What is a variety?

What is a variety?

In the ranking of the plant kingdom, plants are most often known for their species. This rank is important because it characterises a group of plants that can reproduce only between themselves. Variety is a taxonomic rank below that of species. In agriculture, a variety corresponds to a population of plants of a given species that has been selected and cultivated, often for millennia, in order to produce characteristics which meet man’s needs. During the 20th century, variety homogeneity and stability were favoured to guarantee the identity of the variety, homogenise cultures and facilitate the work of users and producers by ensuring productions of regular quality.

The Convention of the International Union for the Protection of New Varieties of Plants (UPOV) defines a variety as: “a plant grouping within a single botanical taxon of the lowest known rank, which grouping, irrespective of whether the conditions for the grant of a breeder’s right are fully met, can be defined by the expression of the characteristics resulting from a given genotype or combination of genotypes, distinguished from any other plant grouping by the expression of at least one of the said characteristics and considered as a unit with regard to its suitability for being propagated unchanged”
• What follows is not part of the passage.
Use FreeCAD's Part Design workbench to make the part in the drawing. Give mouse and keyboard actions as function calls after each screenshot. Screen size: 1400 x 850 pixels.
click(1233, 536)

Varieties have different genetic structures which are more or less homogeneous, depending on the reproductive mode of the species (self-pollination, cross-pollination, vegetative propagation), the breeding method and heterosis effect (if there is a high heterosis effect, hybrids or synthetic plants are favoured). These structures have also evolved over the past 100 years, particularly with the development of hybrids.

The life of a variety

The life of a variety begins with the breeder who obtains a variety by creating new genetic combinations. This is done by combining plants of interest from elite varieties, parental lines or even by looking for original genes in genetic resources and crossing plants. This phase lasts on average 10 years, depending on the species and the techniques used.
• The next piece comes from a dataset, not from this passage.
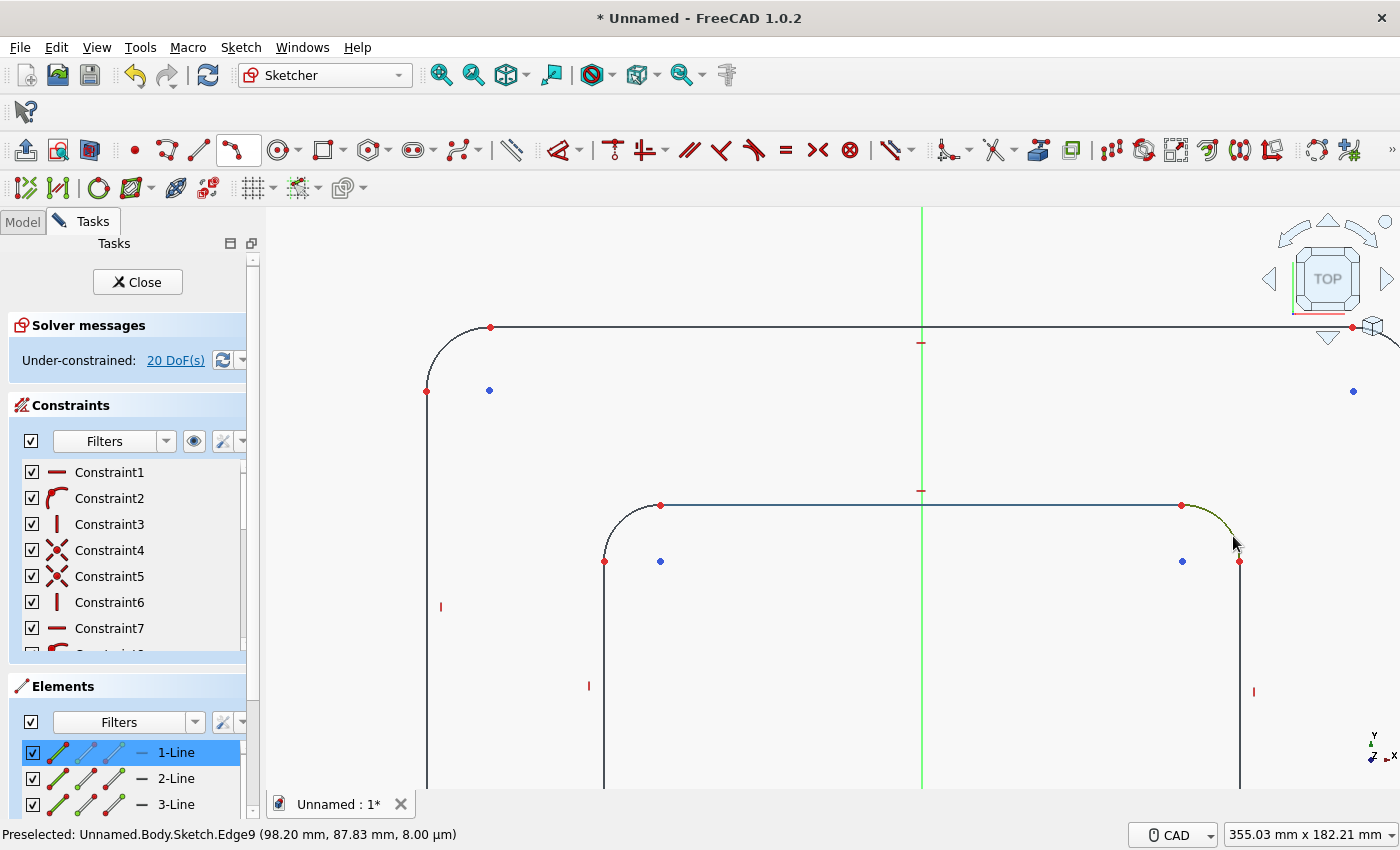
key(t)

For species where registration in the Catalogue is mandatory, the breeder applies for registration. Registration tests are generally conducted over 2 years (tests and decision rules are presented by species).

It is during this period that economic organisations - the future distributors of varieties - first start to assess varieties and position themselves if there are interesting innovations for their market. The characteristics of varieties described at the time of registration are defined and supplemented by technical institutes and users of the productions (millers, sugar mills, etc.) so that varieties can be used in the best conditions. In order to be grown in cultivation, the product must be maintained, and the seeds produced.


A variety's maintainer is the natural or legal person who is responsible for maintaining the living plant material (seeds or seedlings). This material is used to reproduce the variety in accordance with its identity as established at the time of registration.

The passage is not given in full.